Summary
In Kerlin, supra, the court rejected defendant's contention that the cause of the accident was unknown because no witness saw the propelled object, which struck plaintiff, leave defendant employee's pick.
Summary of this case from Quin v. George Washington UniversityOpinion
C.A. No. 3254-50.
March 9, 1953.
Albert Brick, Patricia Warren and Samuel Intrater, Washington, D.C., for plaintiff.
John J. Wilson, William E. Gallagher, Henry F. Krautwurst, and Whiteford, Hart, Carmody Wilson, Washington, D.C., for defendant.
Defendant has moved for a new trial "and/or" to have the verdict and judgment set aside and judgment entered in accordance with its motion for a directed verdict pursuant to Rules 59 and 50(b), F.R.C.P., 28 U.S.C.A. The ground for the motion under Rule 50(b) is the submission of the case to the jury under the doctrine of res ipsa loquitur.
The Court, in considering a motion by a defendant for a directed verdict, must construe the evidence most favorably to the plaintiff and give him the full effect of every legitimate inference therefrom. This criterion is applicable on a motion to set aside a verdict under Rule 50(b), supra, and has been followed herein.

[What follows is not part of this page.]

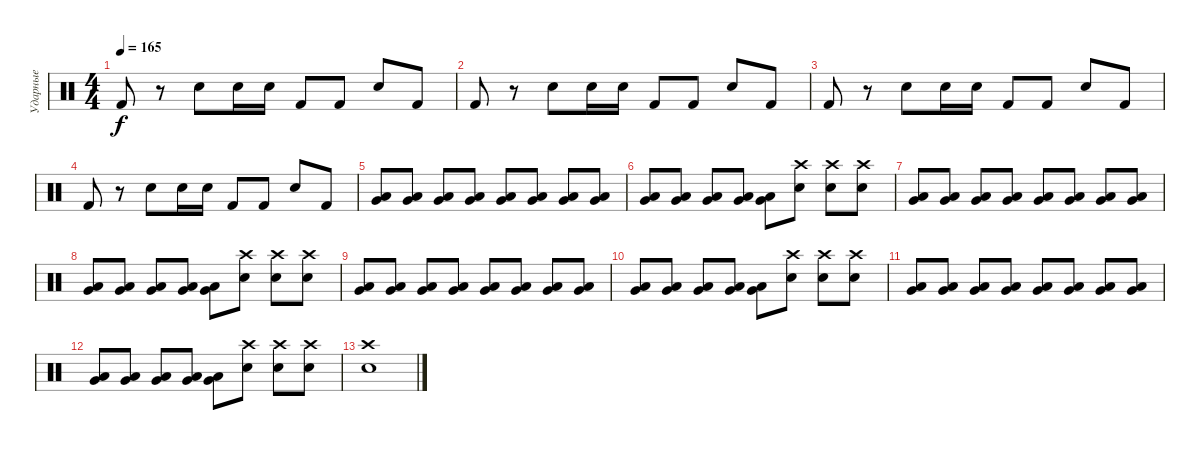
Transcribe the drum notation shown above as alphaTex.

Gunning v. Cooley, 281 U.S. 90, 94, 50 S.Ct. 231, 74 L.Ed. 720; Shewmaker v. Capital Transit Co., 79 U.S.App.D.C. 102, 143 F.2d 142; Jackson v. Capital Transit Co., 69 App.D.C. 147, 99 F.2d 380, certiorari denied 306 U.S. 630, 59 S.Ct. 464, 83 L.Ed. 1032.
Plaintiff was standing on the public sidewalk, waiting for a streetcar. Nearby, defendant was engaged in work incident to the installation of new gas pipes from the main in the street to the adjacent buildings. Interspaced sections of the concrete sidewalk had been broken and the fragments moved to one side. Defendant's employes and no others were in the spaces where the concrete had been removed. They were engaged in digging therein with picks. While they were so engaged, an object was propelled toward and against plaintiff from the locality where one of the men was picking, about ten feet away. It struck plaintiff on the head, causing him to be seriously injured, particularly in the destruction of hearing in one ear, partial destruction of hearing in the other, and impairment of equilibrium. Plaintiff was free from any fault on his part.

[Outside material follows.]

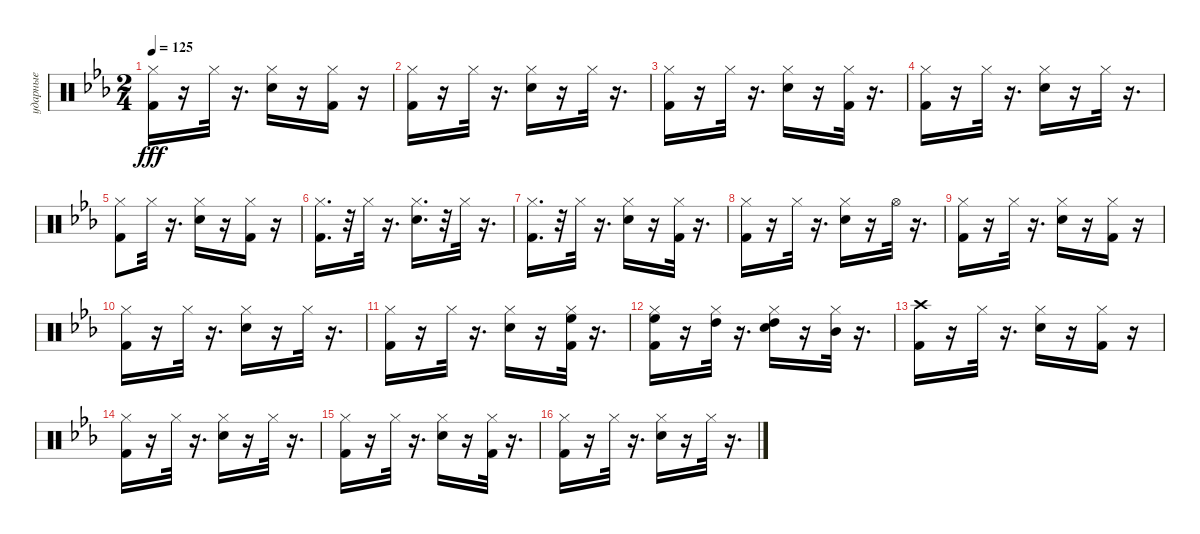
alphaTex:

From the foregoing it may legitimately be inferred that the defendant's employe propelled it, but this question is reserved for discussion on defendant's point that the cause of the accident was unknown.

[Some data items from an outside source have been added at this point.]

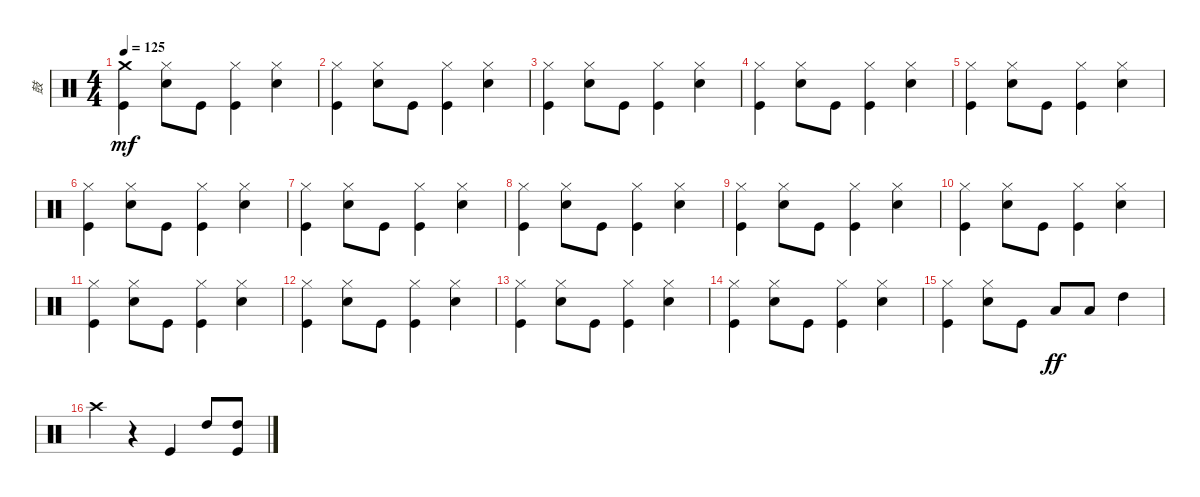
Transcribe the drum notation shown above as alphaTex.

\track ("鼓" "鼓") {instrument percussion}
\staff {score}
\articulation defaults
\ts (4 4)
\tempo 125
\clef neutral
\ks c
("Kick (hit)" "Crash medium (hit)").4{dy mf} ("Snare (hit) 2" "Hi-Hat (closed)").8 "Kick (hit)".8 ("Kick (hit)" "Hi-Hat (closed)").4 ("Snare (hit) 2" "Hi-Hat (closed)").4 |
("Kick (hit)" "Hi-Hat (closed)").4 ("Snare (hit) 2" "Hi-Hat (closed)").8 "Kick (hit)".8 ("Kick (hit)" "Hi-Hat (closed)").4 ("Snare (hit) 2" "Hi-Hat (closed)").4 |
("Kick (hit)" "Hi-Hat (closed)").4 ("Snare (hit) 2" "Hi-Hat (closed)").8 "Kick (hit)".8 ("Kick (hit)" "Hi-Hat (closed)").4 ("Snare (hit) 2" "Hi-Hat (closed)").4 |
("Kick (hit)" "Hi-Hat (closed)").4 ("Snare (hit) 2" "Hi-Hat (closed)").8 "Kick (hit)".8 ("Kick (hit)" "Hi-Hat (closed)").4 ("Snare (hit) 2" "Hi-Hat (closed)").4 |
("Kick (hit)" "Hi-Hat (closed)").4 ("Snare (hit) 2" "Hi-Hat (closed)").8 "Kick (hit)".8 ("Kick (hit)" "Hi-Hat (closed)").4 ("Snare (hit) 2" "Hi-Hat (closed)").4 |
("Kick (hit)" "Hi-Hat (closed)").4 ("Snare (hit) 2" "Hi-Hat (closed)").8 "Kick (hit)".8 ("Kick (hit)" "Hi-Hat (closed)").4 ("Snare (hit) 2" "Hi-Hat (closed)").4 |
("Kick (hit)" "Hi-Hat (closed)").4 ("Snare (hit) 2" "Hi-Hat (closed)").8 "Kick (hit)".8 ("Kick (hit)" "Hi-Hat (closed)").4 ("Snare (hit) 2" "Hi-Hat (closed)").4 |
("Kick (hit)" "Hi-Hat (closed)").4 ("Snare (hit) 2" "Hi-Hat (closed)").8 "Kick (hit)".8 ("Kick (hit)" "Hi-Hat (closed)").4 ("Snare (hit) 2" "Hi-Hat (closed)").4 |
("Kick (hit)" "Hi-Hat (closed)").4 ("Snare (hit) 2" "Hi-Hat (closed)").8 "Kick (hit)".8 ("Kick (hit)" "Hi-Hat (closed)").4 ("Snare (hit) 2" "Hi-Hat (closed)").4 |
("Kick (hit)" "Hi-Hat (closed)").4 ("Snare (hit) 2" "Hi-Hat (closed)").8 "Kick (hit)".8 ("Kick (hit)" "Hi-Hat (closed)").4 ("Snare (hit) 2" "Hi-Hat (closed)").4 |
("Kick (hit)" "Hi-Hat (closed)").4 ("Snare (hit) 2" "Hi-Hat (closed)").8 "Kick (hit)".8 ("Kick (hit)" "Hi-Hat (closed)").4 ("Snare (hit) 2" "Hi-Hat (closed)").4 |
("Kick (hit)" "Hi-Hat (closed)").4 ("Snare (hit) 2" "Hi-Hat (closed)").8 "Kick (hit)".8 ("Kick (hit)" "Hi-Hat (closed)").4 ("Snare (hit) 2" "Hi-Hat (closed)").4 |
("Kick (hit)" "Hi-Hat (closed)").4 ("Snare (hit) 2" "Hi-Hat (closed)").8 "Kick (hit)".8 ("Kick (hit)" "Hi-Hat (closed)").4 ("Snare (hit) 2" "Hi-Hat (closed)").4 |
("Kick (hit)" "Hi-Hat (closed)").4 ("Snare (hit) 2" "Hi-Hat (closed)").8 "Kick (hit)".8 ("Kick (hit)" "Hi-Hat (closed)").4 ("Snare (hit) 2" "Hi-Hat (closed)").4 |
("Kick (hit)" "Hi-Hat (closed)").4 ("Snare (hit) 2" "Hi-Hat (closed)").8 "Kick (hit)".8 "Low Tom (hit)".8{dy ff} "Low Tom (hit)".8 "High Tom (hit)".4 |
"Crash high (hit)".4 r.4 "Kick (hit)".4 "High Tom (hit)".8 ("High Tom (hit)" "Kick (hit)").8

The question is whether the case is one which properly can be submitted to the jury under the doctrine of res ipsa loquitur.
The latest statement of the doctrine in this jurisdiction is contained in Washington Loan Trust Co. v. Hickey, 1943, 78 U.S.App.D.C. 59, 61, 137 F.2d 677, reaffirmed by the same court in Safeway Stores v. West, 1950, 86 U.S.App.D.C. 99, 100, 180 F.2d 25. Therein the United States Court of Appeals held that the doctrine in question is simply that, when the cause of an accident is known, in the defendant's control, and unlikely to do harm unless the person in control is negligent, the defendant's negligence may be inferred without additional evidence, and the case should go to the jury. The Court furthermore held that there is nothing arbitrary or technical about the principle, except its name. Applying that principle of law to this case, under the above statement of facts, it appears to come literally within the doctrine.
But defendant argues that it cannot be applied literally and that some of the elements are lacking. Taking up its second point first, defendant contends that the cause of the accident is not known, inasmuch as there is no witness who saw the object leave the employe's pick. That contention, however, ignores the rule that facts can be established by circumstantial as well as direct evidence, and there appears no rational basis for explaining the propulsion of the object against plaintiff, under the foregoing facts, other than that it was an act of defendant's employe while engaged in the picking operations. Defendant does not attempt to explain it otherwise, but contends that it did not occur as claimed. In this connection, defendant confuses the cause of the accident with the manner in which it was caused, lack of knowledge of which, in plaintiff, is a reason for the doctrine of res ipsa loquitur. Moreover, there being a dispute in the evidence as to the cause of the accident, that dispute was for the jury, who were told that before they might apply the doctrine, they must find that an employe of defendant caused the object to be propelled against plaintiff by the use of an instrument exclusively in his possession. They were further told that, when an accident occurs and in addition thereto where the instrumentality or agency causing it is known, and is in the exclusive possession of the party causing it, and the accident is of such a character as, in the light of ordinary experience, is unlikely to occur except as a result of negligence, it is then permissible to apply the doctrine.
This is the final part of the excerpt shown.